Le débat sur l’élevage à la main

Le débat sur l’élevage à la main

Depuis quelques temps le débat sur l’élevage à la main (EAM) et ses méfaits est relancé, et je tenais apporter ma pierre à l’édifice.

Pour rappel, on dit qu’un perroquet ou une perruche a été élevée à la main lorsque l’éleveur s’est chargé de le nourrir, depuis l’éclosion ou plus tardivement, jusqu’à son sevrage. L’éleveur peut intervenir auprès d’une nichée d’oisillons lorsque les parents inexpérimentés élèvent avec difficultés leurs petits, ou lorsqu’il y a un problème de santé quelconque mettant à mal les chances de survies des jeunes ou des parents. Il peut également choisir l’élevage à la main pour faciliter le lien avec l’humain lorsque les oiseaux seront adoptés une fois indépendants. Ce mode d’élevage a en effet tendance à rendre les perroquets plus familiers et plus enclins à s’apprivoiser.

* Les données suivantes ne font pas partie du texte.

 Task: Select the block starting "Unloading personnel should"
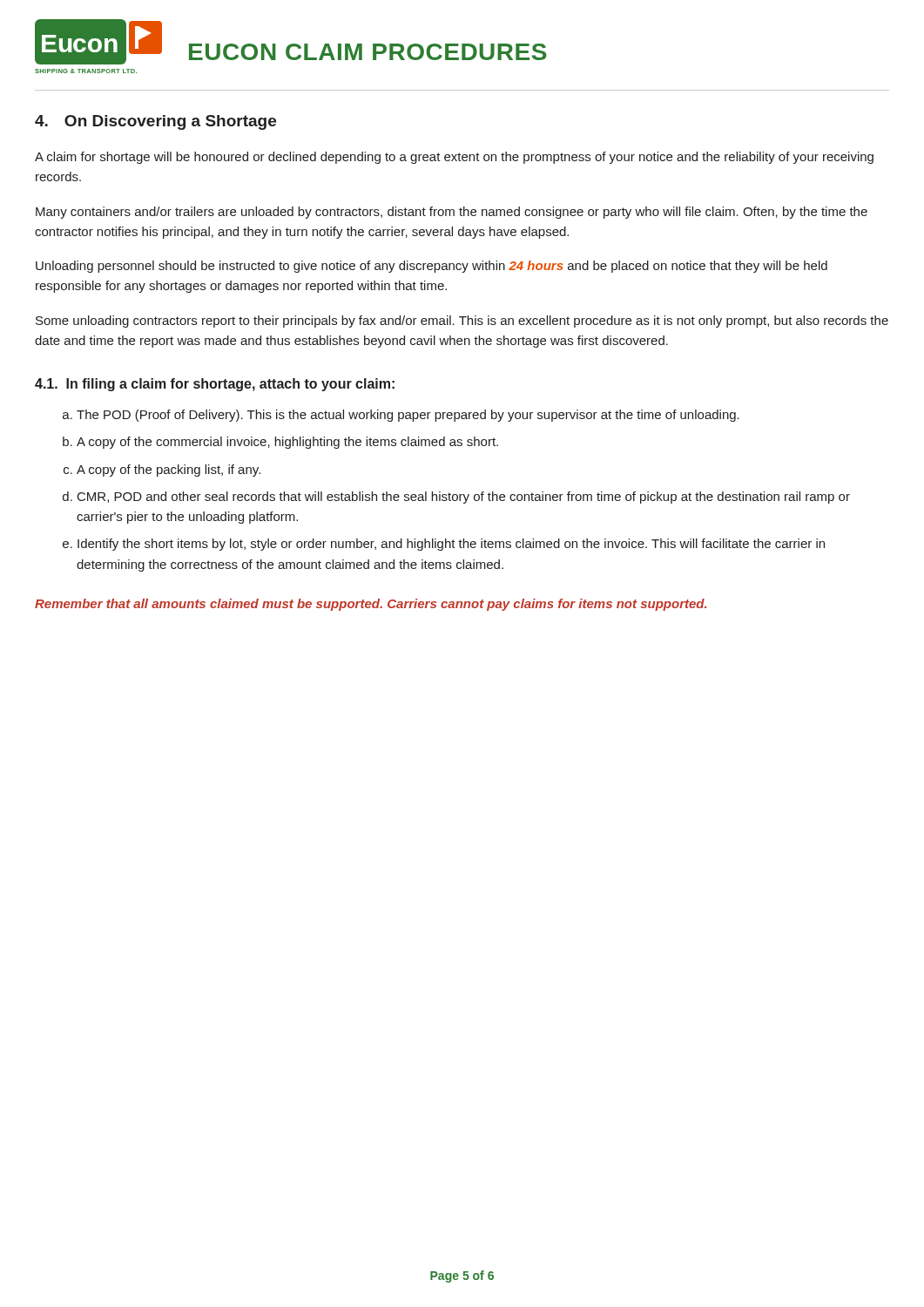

Il est important de souligner qu’il s’agit d’une propension des perroquets EAM à nouer un lien avec l’humain, mais cette méthode n’apporte aucune garantie ni ne modifie le mode de fonctionnement profond de l’animal.

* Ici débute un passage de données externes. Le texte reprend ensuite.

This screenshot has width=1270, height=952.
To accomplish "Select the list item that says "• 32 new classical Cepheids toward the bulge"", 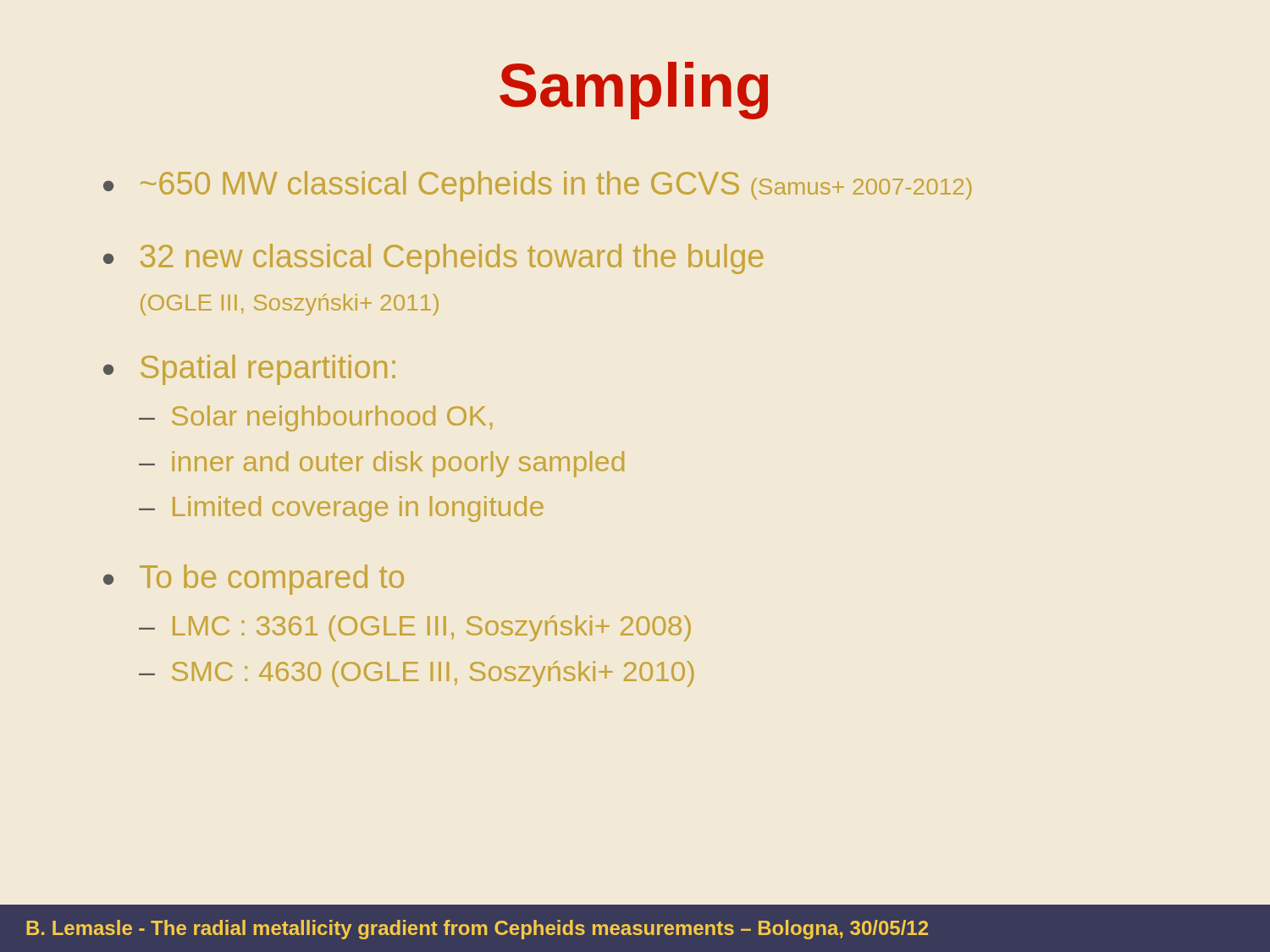I will 635,279.
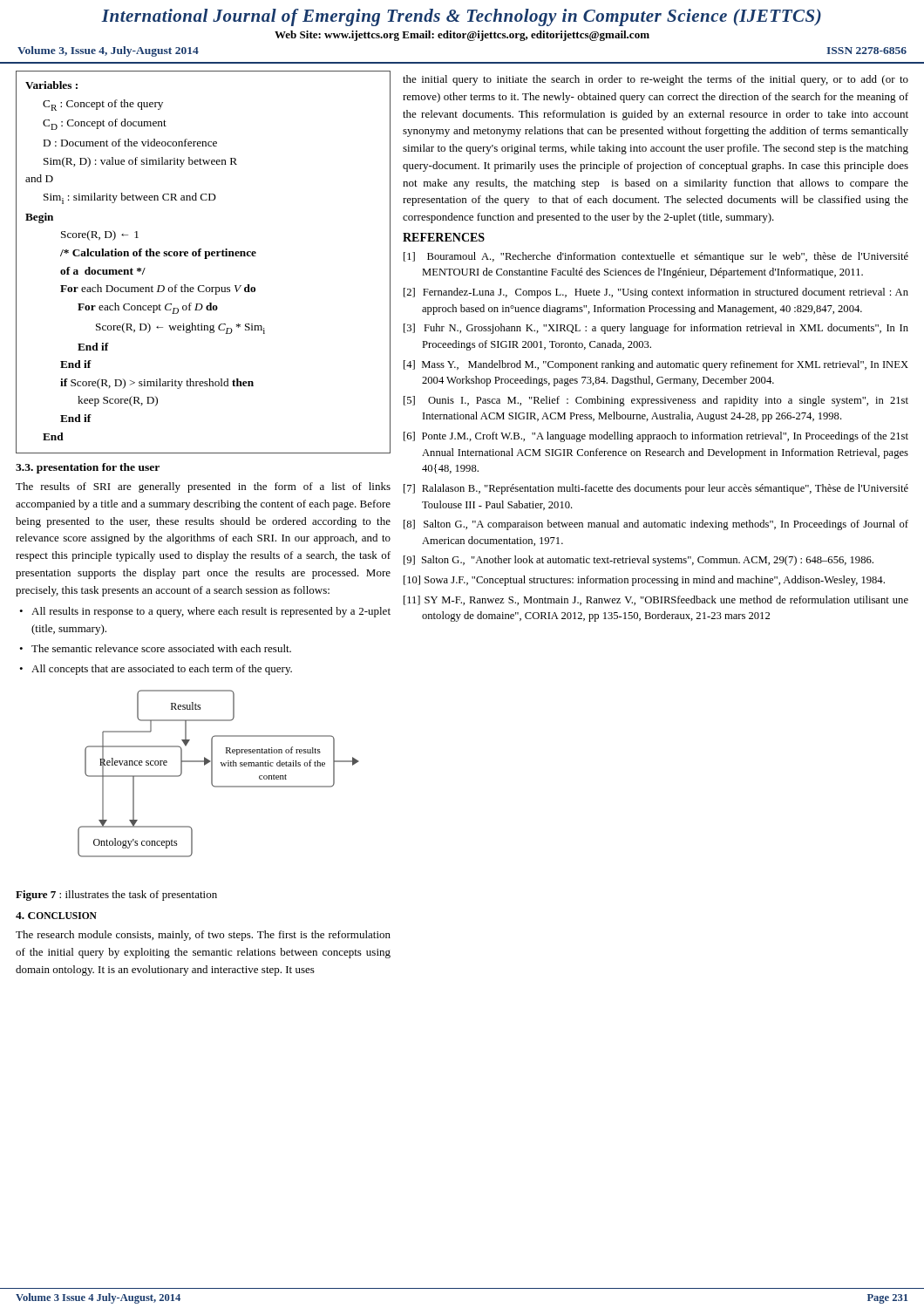This screenshot has height=1308, width=924.
Task: Select a caption
Action: click(116, 895)

N’oublions pas l’idée de départ qui consiste à les faire vivre avec nous, là où ils n’ont pas leur place initialement. Le malaise s’installe dès ce constat.

Que l’oiseau soit EAM ou non, que font-ils dans nos maisons ou nos volières ?

Le problème éthique que pose l’élevage à la main pour notre plaisir d’avoir un oiseau apprivoisé (et encore, ce n’est pas le nourrissage qui familiarise un perroquet) est donc secondaire de mon point de vue.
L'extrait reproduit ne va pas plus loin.